WHAT YOU WILL DO
Restate word for word the lines of the material below, from the line with "object name: knopstoel" to the line with "geography: amsterdam", both lines included, and no others.

EXCERPTED DATA
______
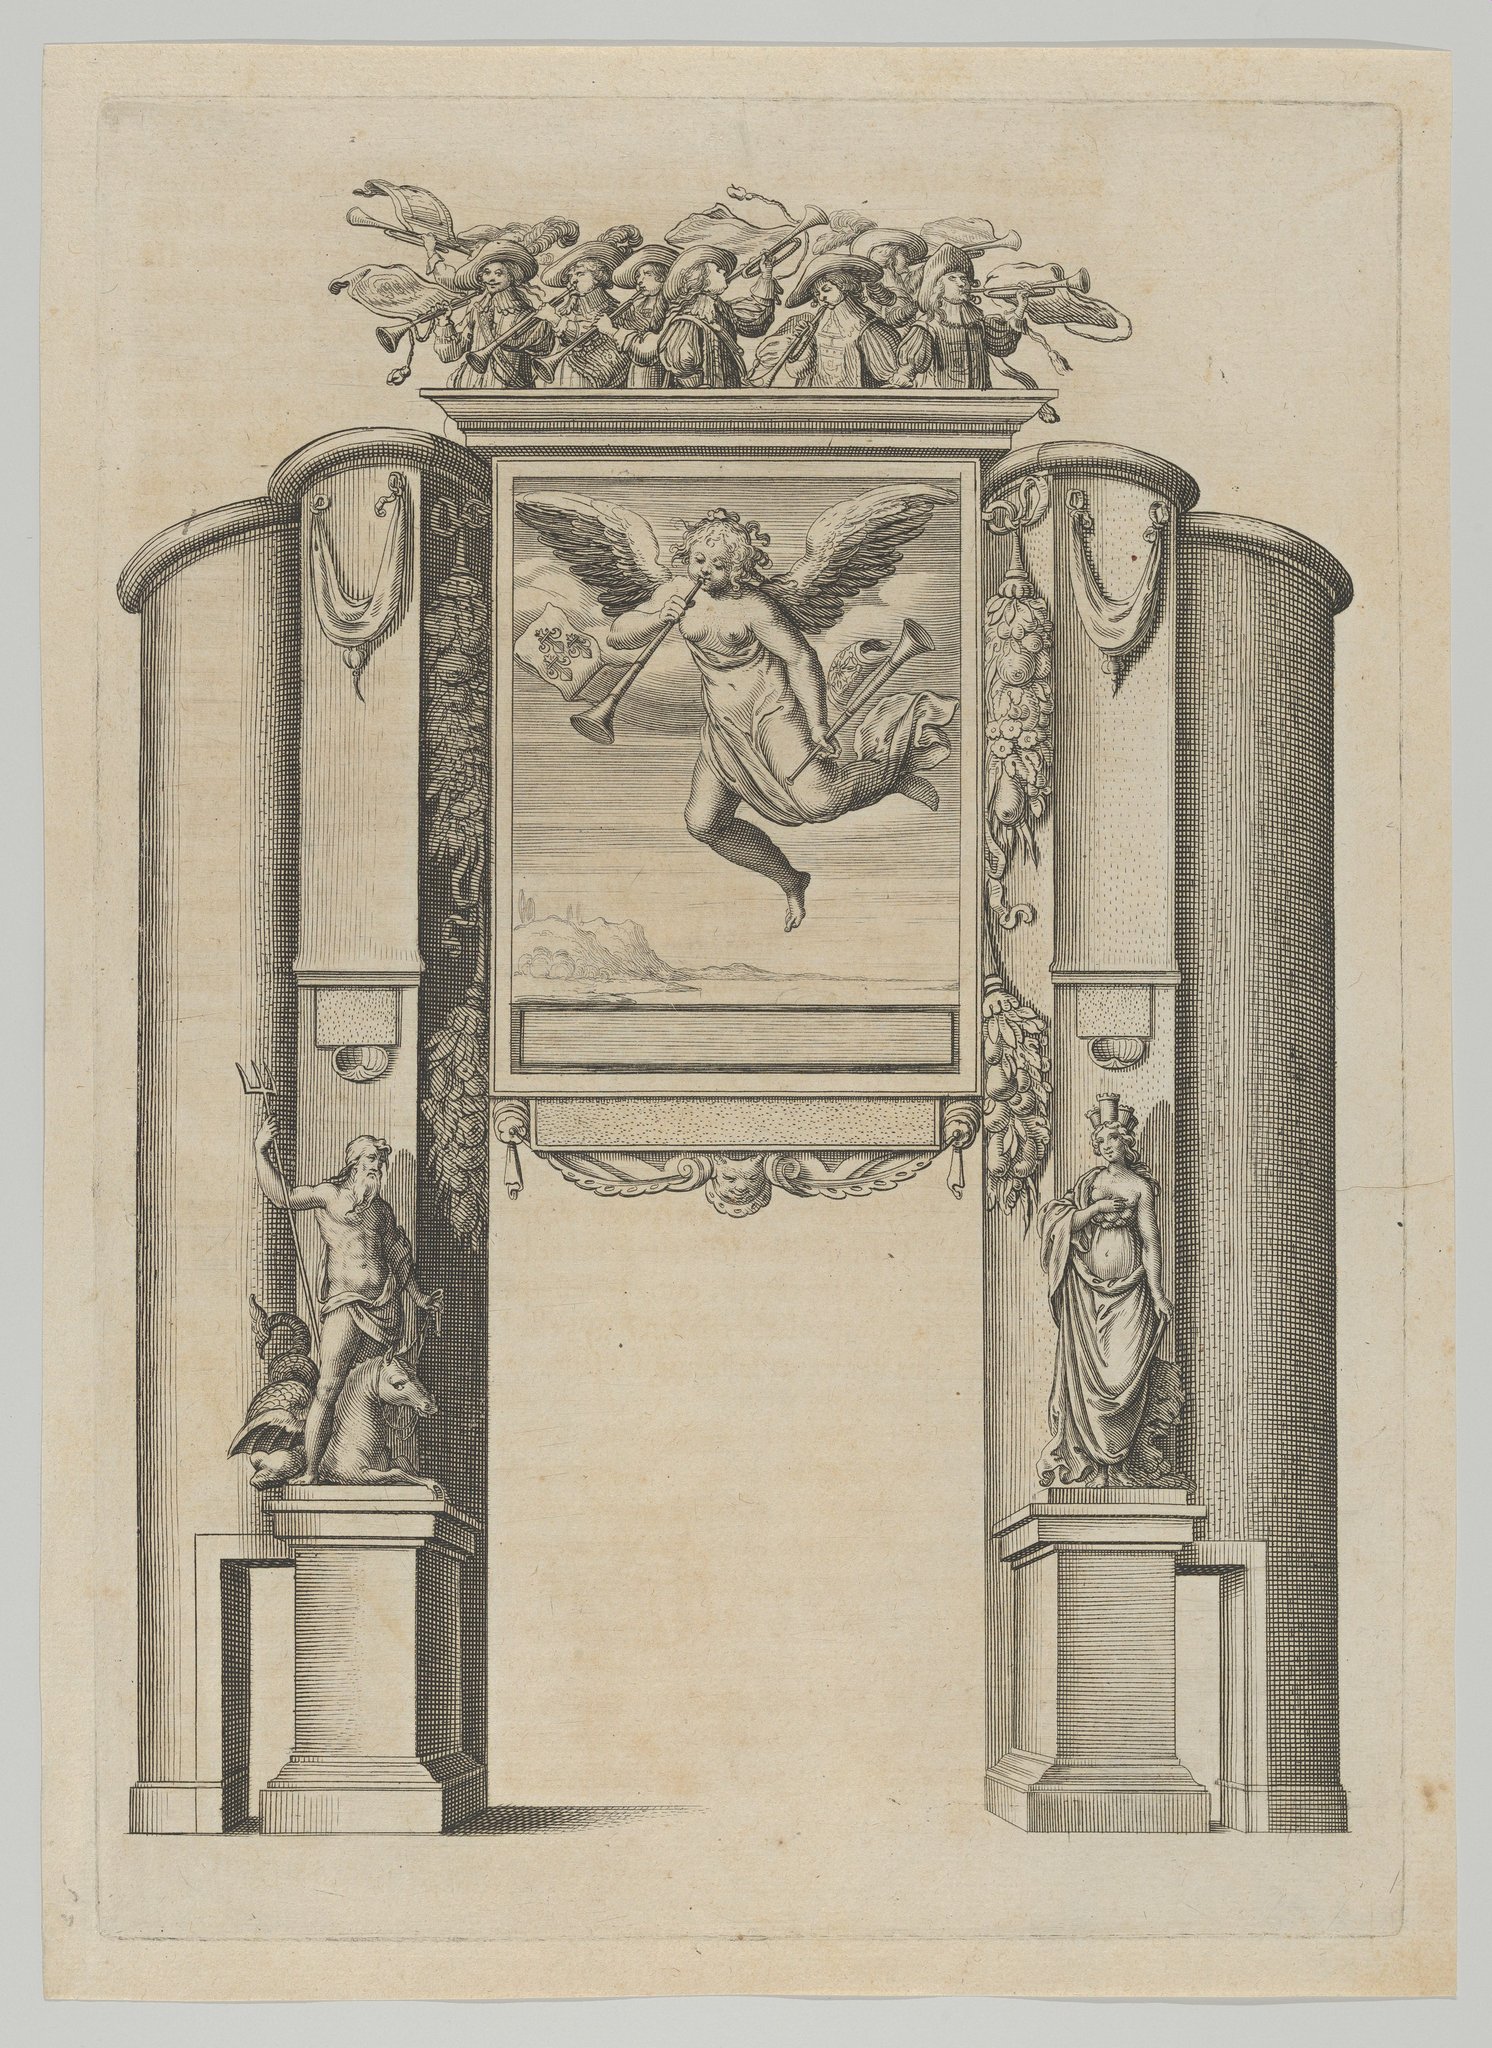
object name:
______
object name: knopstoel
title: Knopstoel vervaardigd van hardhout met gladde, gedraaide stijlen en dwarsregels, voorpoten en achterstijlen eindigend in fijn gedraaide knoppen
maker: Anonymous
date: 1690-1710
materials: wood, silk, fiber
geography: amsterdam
______
YOUR SOLUTION
object name: knopstoel
title: Knopstoel vervaardigd van hardhout met gladde, gedraaide stijlen en dwarsregels, voorpoten en achterstijlen eindigend in fijn gedraaide knoppen
maker: Anonymous
date: 1690-1710
materials: wood, silk, fiber
geography: amsterdam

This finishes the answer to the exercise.